For production deployments you will either want to run the server behind a reverse proxy using something like Traefic-Hub (free and opens your self hosted server to public internet using encrypted https protocol).

Deploy to local network over https

If you wish to deploy this on your private network for local access from any device on that network, you will need to run the server using https which requires SSL certificates.

This command will create a self-signed key and cert files in your current dir that are good for 100 years. These files should go in the /public folder.

openssl req -x509 -newkey rsa:4096 -nodes -out cert.pem -keyout key.pem -days 36500
# OR
yarn makecert

This should be enough for any webapp served over https to access the server. If you see "Warning: Potential Security Risk Ahead" in your browser when using the webapp, you can ignore it by clicking advanced then Accept the Risk button to continue.

Create a release on Github with link to installer

  1. Create a tag with:

Increase the patch version by 1 (x.x.1 to x.x.2)

yarn version --patch

Increase the minor version by 1 (x.1.x to x.2.x)

yarn version --minor

Increase the major version by 1 (1.x.x to 2.x.x)

yarn version --major
  1. Create a new release in Github and choose the tag just created or enter a new tag name for Github to make.

  2. Drag & Drop the binary file you wish to bundle with the release.

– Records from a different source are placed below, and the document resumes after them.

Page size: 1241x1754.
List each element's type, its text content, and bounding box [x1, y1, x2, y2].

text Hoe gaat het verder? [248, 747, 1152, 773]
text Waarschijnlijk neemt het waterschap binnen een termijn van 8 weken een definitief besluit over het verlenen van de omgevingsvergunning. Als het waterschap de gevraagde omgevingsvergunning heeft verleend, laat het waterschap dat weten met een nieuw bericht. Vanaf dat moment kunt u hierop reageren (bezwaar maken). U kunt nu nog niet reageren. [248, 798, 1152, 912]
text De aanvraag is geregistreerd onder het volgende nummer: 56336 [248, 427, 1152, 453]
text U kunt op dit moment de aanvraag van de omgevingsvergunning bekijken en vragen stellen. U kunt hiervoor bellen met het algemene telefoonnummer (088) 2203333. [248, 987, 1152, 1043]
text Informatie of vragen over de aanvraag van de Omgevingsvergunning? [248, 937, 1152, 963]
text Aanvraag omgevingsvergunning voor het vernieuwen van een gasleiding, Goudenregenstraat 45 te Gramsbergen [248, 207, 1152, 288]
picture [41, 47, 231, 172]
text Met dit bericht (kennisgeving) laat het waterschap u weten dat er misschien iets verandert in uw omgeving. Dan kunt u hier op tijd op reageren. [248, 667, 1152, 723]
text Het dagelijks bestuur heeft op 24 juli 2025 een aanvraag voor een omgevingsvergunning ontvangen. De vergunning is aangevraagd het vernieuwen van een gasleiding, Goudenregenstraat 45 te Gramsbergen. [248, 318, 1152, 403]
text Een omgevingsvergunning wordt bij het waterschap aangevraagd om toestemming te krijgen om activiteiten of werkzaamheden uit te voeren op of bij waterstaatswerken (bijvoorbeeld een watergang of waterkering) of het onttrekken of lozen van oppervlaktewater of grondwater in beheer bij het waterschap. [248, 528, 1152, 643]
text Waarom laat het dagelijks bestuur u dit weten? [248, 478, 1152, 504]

Then hit done.

  3. If the project is public then the latest release's binary should be available on the web to anyone with the link:

https://github.com/[github-user]/[project-name]/releases/latest/download/[installer-file-name]

API Overview

This project deploys several backend servers exposed using the /v1 endpoint. The goal is to separate all OS level logic and processing from the client apps. This can make deploying new apps and swapping out engine functionality easier.

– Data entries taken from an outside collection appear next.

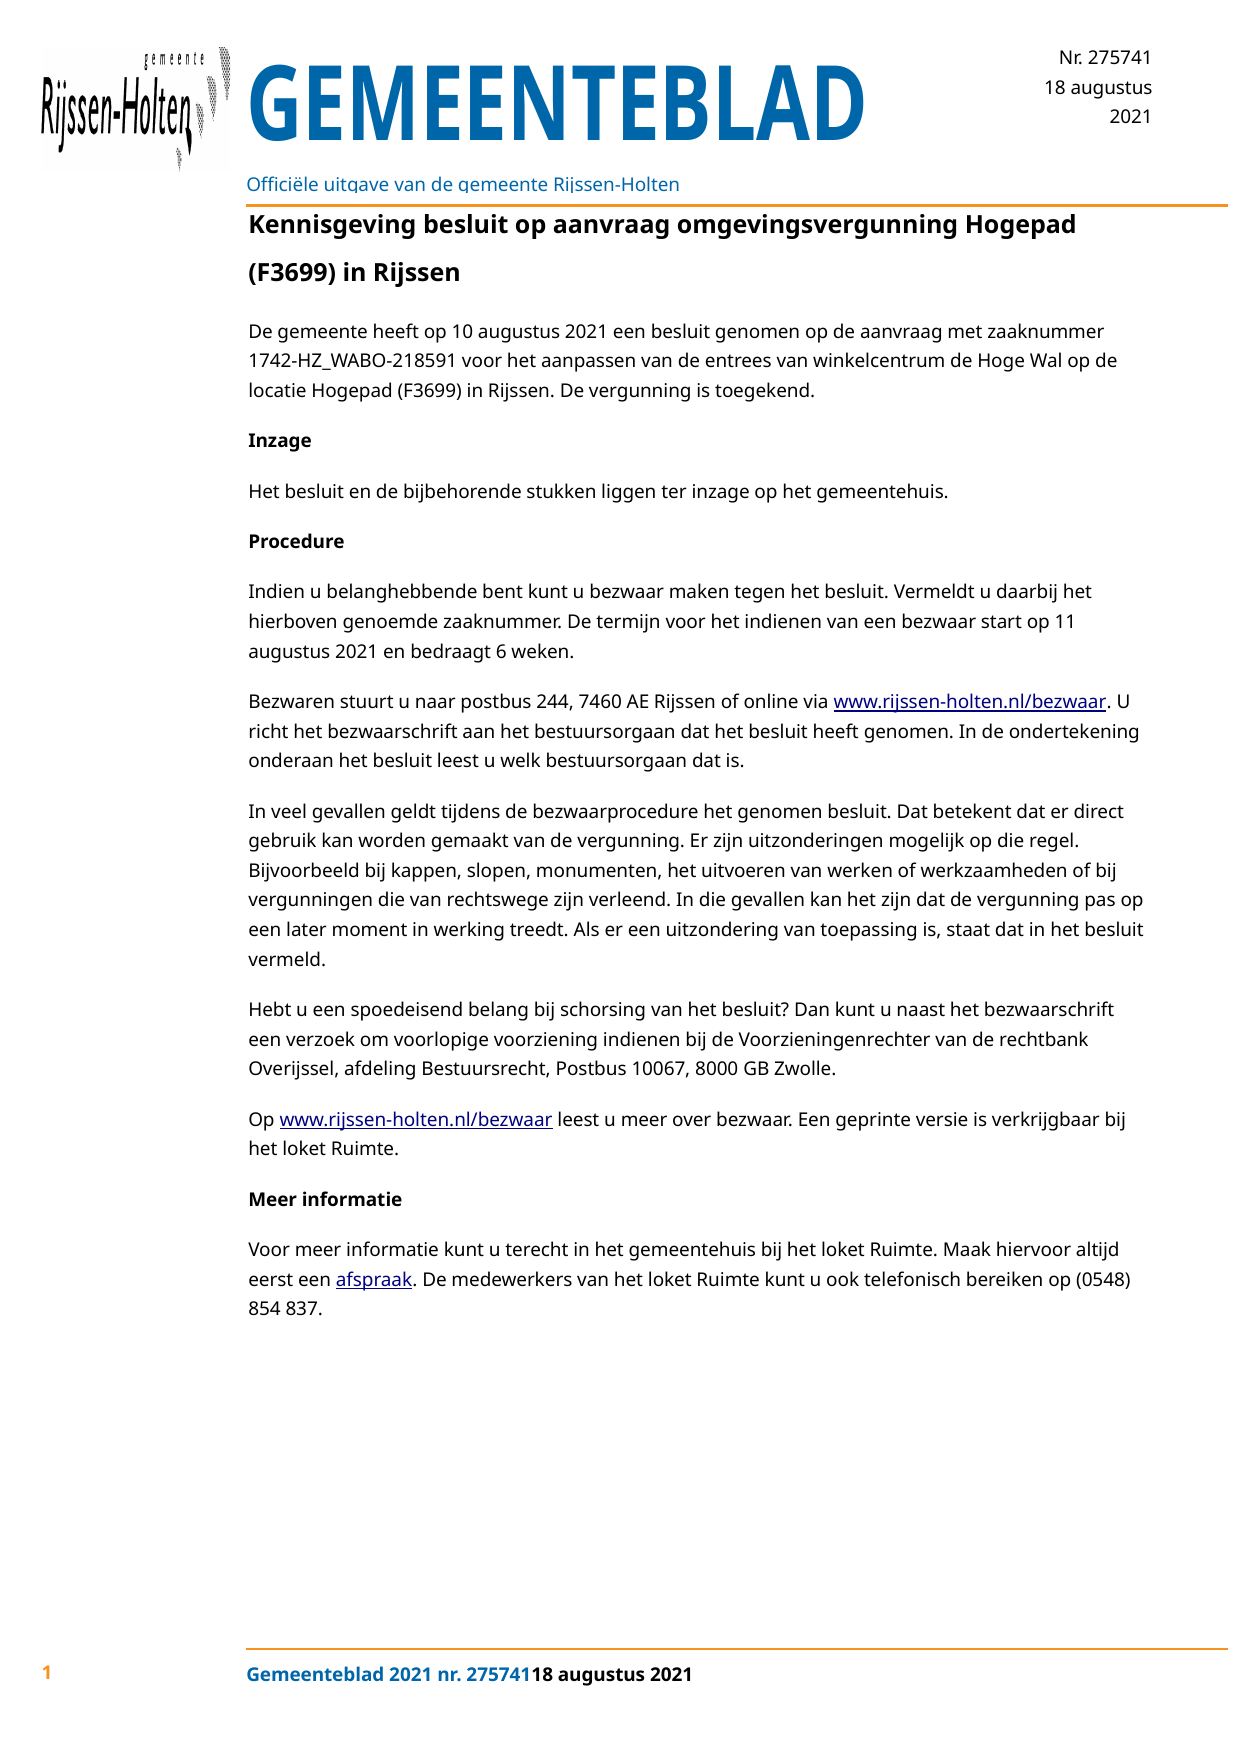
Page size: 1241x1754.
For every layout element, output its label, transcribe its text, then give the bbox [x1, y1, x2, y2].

text Bezwaren stuurt u naar postbus 244, 7460 AE Rijssen of online via www.rijssen-holten.nl/bezwaar. U richt het bezwaarschrift aan het bestuursorgaan dat het besluit heeft genomen. In de ondertekening onderaan het besluit leest u welk bestuursorgaan dat is. [248, 688, 1152, 773]
text Inzage [248, 427, 1152, 453]
text In veel gevallen geldt tijdens de bezwaarprocedure het genomen besluit. Dat betekent dat er direct gebruik kan worden gemaakt van de vergunning. Er zijn uitzonderingen mogelijk op die regel. Bijvoorbeeld bij kappen, slopen, monumenten, het uitvoeren van werken of werkzaamheden of bij vergunningen die van rechtswege zijn verleend. In die gevallen kan het zijn dat de vergunning pas op een later moment in werking treedt. Als er een uitzondering van toepassing is, staat dat in het besluit vermeld. [248, 798, 1152, 972]
text Indien u belanghebbende bent kunt u bezwaar maken tegen het besluit. Vermeldt u daarbij het hierboven genoemde zaaknummer. De termijn voor het indienen van een bezwaar start op 11 augustus 2021 en bedraagt 6 weken. [248, 579, 1152, 664]
text Procedure [248, 528, 1152, 554]
text De gemeente heeft op 10 augustus 2021 een besluit genomen op de aanvraag met zaaknummer 1742-HZ_WABO-218591 voor het aanpassen van de entrees van winkelcentrum de Hoge Wal op de locatie Hogepad (F3699) in Rijssen. De vergunning is toegekend. [248, 318, 1152, 403]
text Meer informatie [248, 1186, 1152, 1212]
text Kennisgeving besluit op aanvraag omgevingsvergunning Hogepad (F3699) in Rijssen [248, 207, 1152, 288]
picture [41, 47, 231, 172]
text Hebt u een spoedeisend belang bij schorsing van het besluit? Dan kunt u naast het bezwaarschrift een verzoek om voorlopige voorziening indienen bij de Voorzieningenrechter van de rechtbank Overijssel, afdeling Bestuursrecht, Postbus 10067, 8000 GB Zwolle. [248, 996, 1152, 1081]
text Voor meer informatie kunt u terecht in het gemeentehuis bij het loket Ruimte. Maak hiervoor altijd eerst een afspraak. De medewerkers van het loket Ruimte kunt u ook telefonisch bereiken op (0548) 854 837. [248, 1236, 1152, 1321]
text Het besluit en de bijbehorende stukken liggen ter inzage op het gemeentehuis. [248, 478, 1152, 504]
text Op www.rijssen-holten.nl/bezwaar leest u meer over bezwaar. Een geprinte versie is verkrijgbaar bij het loket Ruimte. [248, 1106, 1152, 1161]

A complete list of endpoint documentation can be found here after Obrew Server is started.

Client api library

There is currently a javascript library under development and being used by Obrew Studio. Once the project becomes stable, it will be broken out into its own module and repo. Stay tuned.

API Keys and .env variables

Put your .env file in the base directory alongside the executable.

Managing Python dependencies

It is highly recommended to use an package/environment manager like Anaconda to manage Python installations and the versions of dependencies they require. This allows you to create virtual environments from which you can install different versions of software and build/deploy from within this sandboxed environment.

To update PIP package installer:

conda update pip

Switching between virtual environments

The following commands should be done in Anaconda Prompt terminal. If on Windows, run as Admin.

  1. Create a new environment. This project uses 3.12:
conda create --name env1 python=3.12
  1. To work in this env, activate it:
conda activate env1
  1. When you are done using it, deactivate it:
conda deactivate
  1. If using an IDE like VSCode, you must apply your newly created virtual environment by selecting the python interpreter button at the bottom when inside your project directory.